Use of the Safe Harbor is not required and the IRS has recognized that there may be other reasonable methods of administering the suspension of loan repayments.
Schemes accepting the re-contribution of CRDs
Under the CARES Act, a Qualified Person who receives a CRD that qualifies for the tax-free rollover treatment is generally allowed to contribute, at any time during the 3-year period beginning on the day after the date on which the distribution is received, any portion of the CRD (but not an amount in excess of the amount of the distribution), to a qualifying pension plan that accepts qualifying rollover contributions. A plan administrator can rely on an individual’s attestation that he or she is a qualified individual to determine whether the amount contributed was a CRD, unless the administrator has actual knowledge to the contrary.
CRD tax reporting by eligible pension plans
Notice 2020-50 details the reporting procedures for qualifying pension plans that issue CRDs. If an eligible pension makes a CRD, the plan must report the distribution on Form 1099-R even if the person re-contributes the CRD to the same plan in the same year. If no other appropriate code applies to the distribution, the plan is allowed to use distribution code 2 (early distribution, one exception applies) or distribution code 1 (early distribution, no known exceptions) in the distribution. box 7 of Form 1099-R.
CRD tax declaration by qualified individuals
Notice 2020-50 provides a detailed discussion of the reporting requirements and tax consequences applicable to Qualified Persons who receive CRDs. In general, a Qualified Person is permitted to designate any distribution that meets the applicable requirements as a CRD (regardless of whether the plan has treated the distribution as a CRD) by reporting the distribution on the individual’s federal income tax return and on Form 8915-E. (Eligible distributions and refunds from the 2020 Disaster Retirement Plan).
Qualified individuals designating amounts as CRD have two options to include the taxable portion of the CRD in their income: (1) include the taxable portion of the distribution in pro rata income over a 3 year period; or (2) choose not to be included in the taxable income over 3 years and to include the full amount of the taxable part of the CRD in the year of the distribution.
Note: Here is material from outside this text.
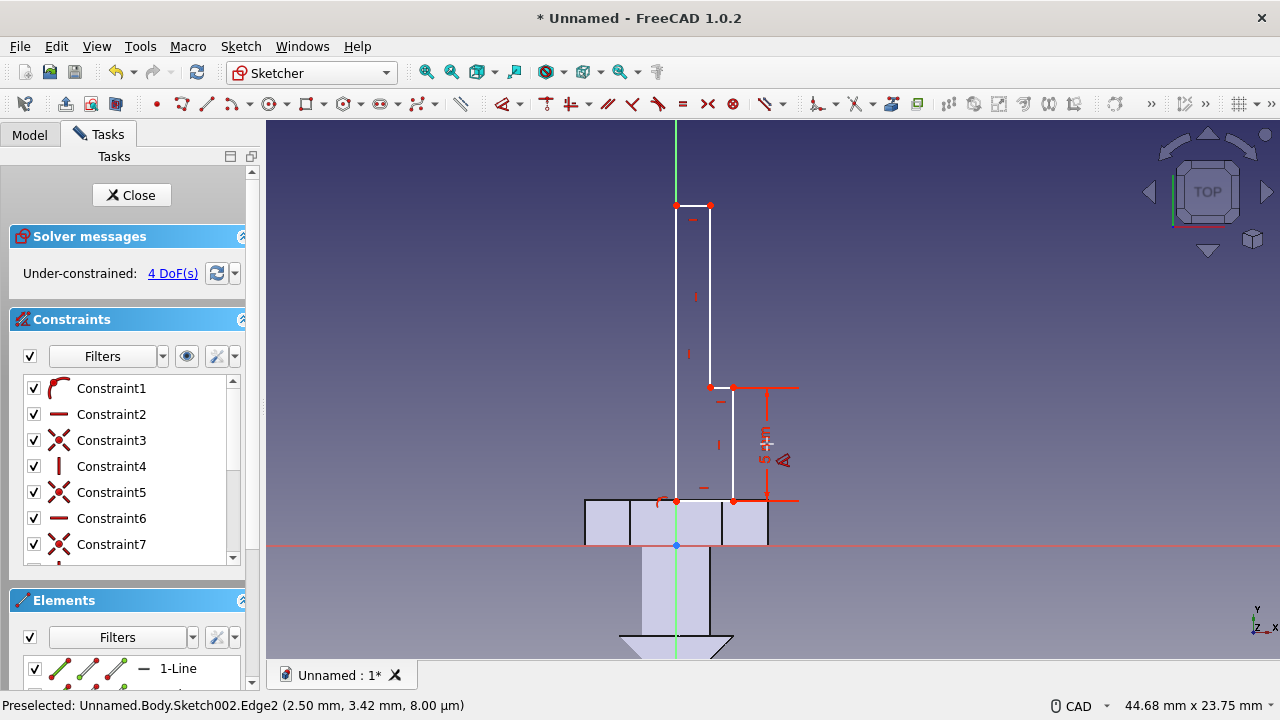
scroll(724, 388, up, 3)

An election cannot be made or changed after the timely filing of the individual’s federal income tax return (including any extensions) for the distribution year, and all CRDs received in a tax year must be treated consistently (either all distributions must be included in income over a 3 year period or all distributions must be included in current year income).
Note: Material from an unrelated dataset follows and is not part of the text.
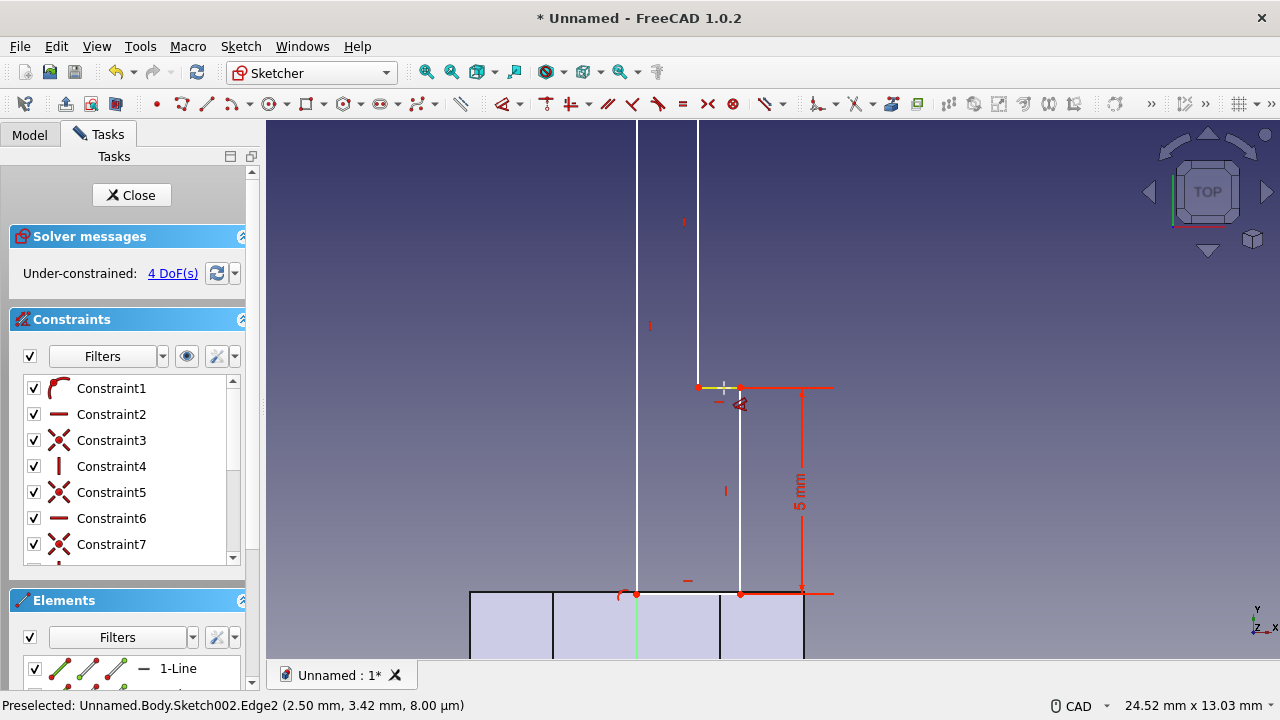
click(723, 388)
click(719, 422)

If an eligible individual elects to contribute part of the CRD within the 3-year period beginning the day after the date of receipt of the CRD, the reporting requirements and applicable tax consequences vary depending on whether the individual uses the CRD. ‘one year or 3 years. – method of inclusion of the year in respect of the CRD and whether the contribution is made before or after the individual has filed his federal income tax return for the applicable tax year. Special rules also apply to qualifying individuals who use the three-year income inclusion method in respect of a CRD if the individual dies before the full taxable amount of the CRD has been included in their gross income. .
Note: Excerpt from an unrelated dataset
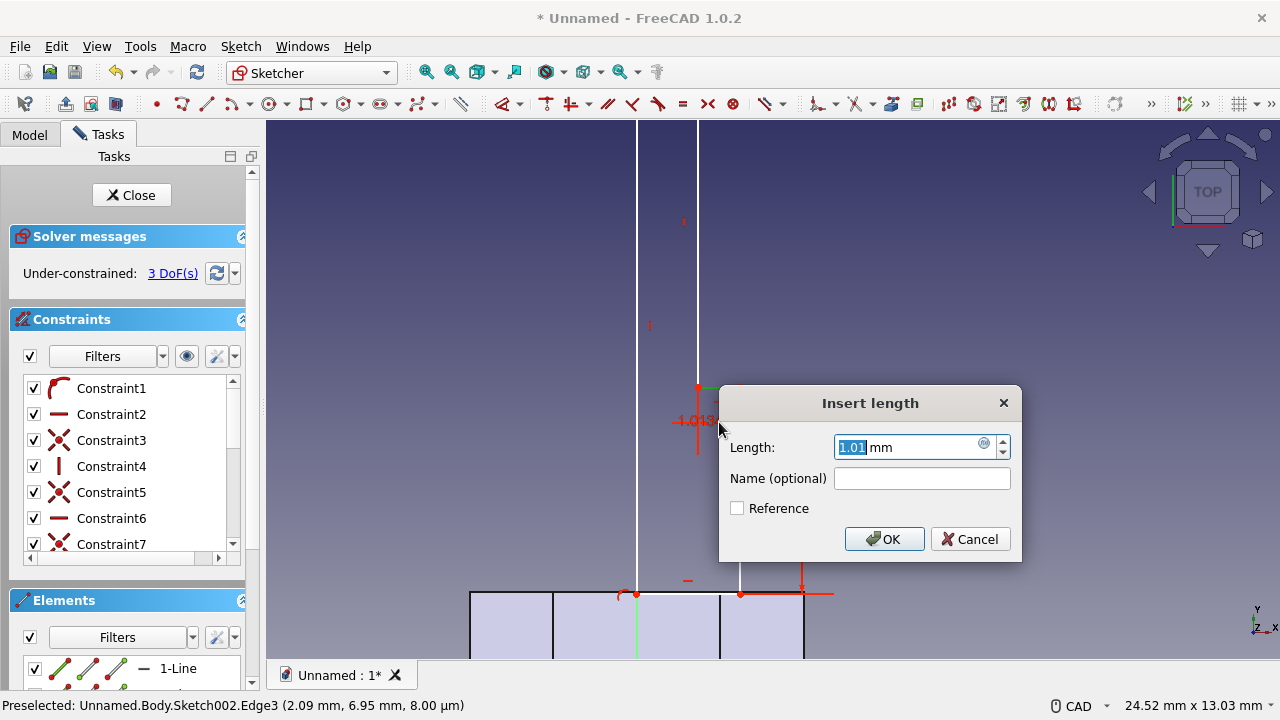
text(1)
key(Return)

 As we noted in a recent Blog, according to previous IRS guidelines, a “qualified person” did not include an individual who suffered negative financial consequences attributable to a spouse’s loss of income due to a coronavirus-related quarantine, a leave, layoff, reduction of hours, inability to work due to lack of child care, or the closure of a spouse’s business or reduced business hours of a spouse. The definition of qualified person, extended by Opinion 2020-50, now includes these people.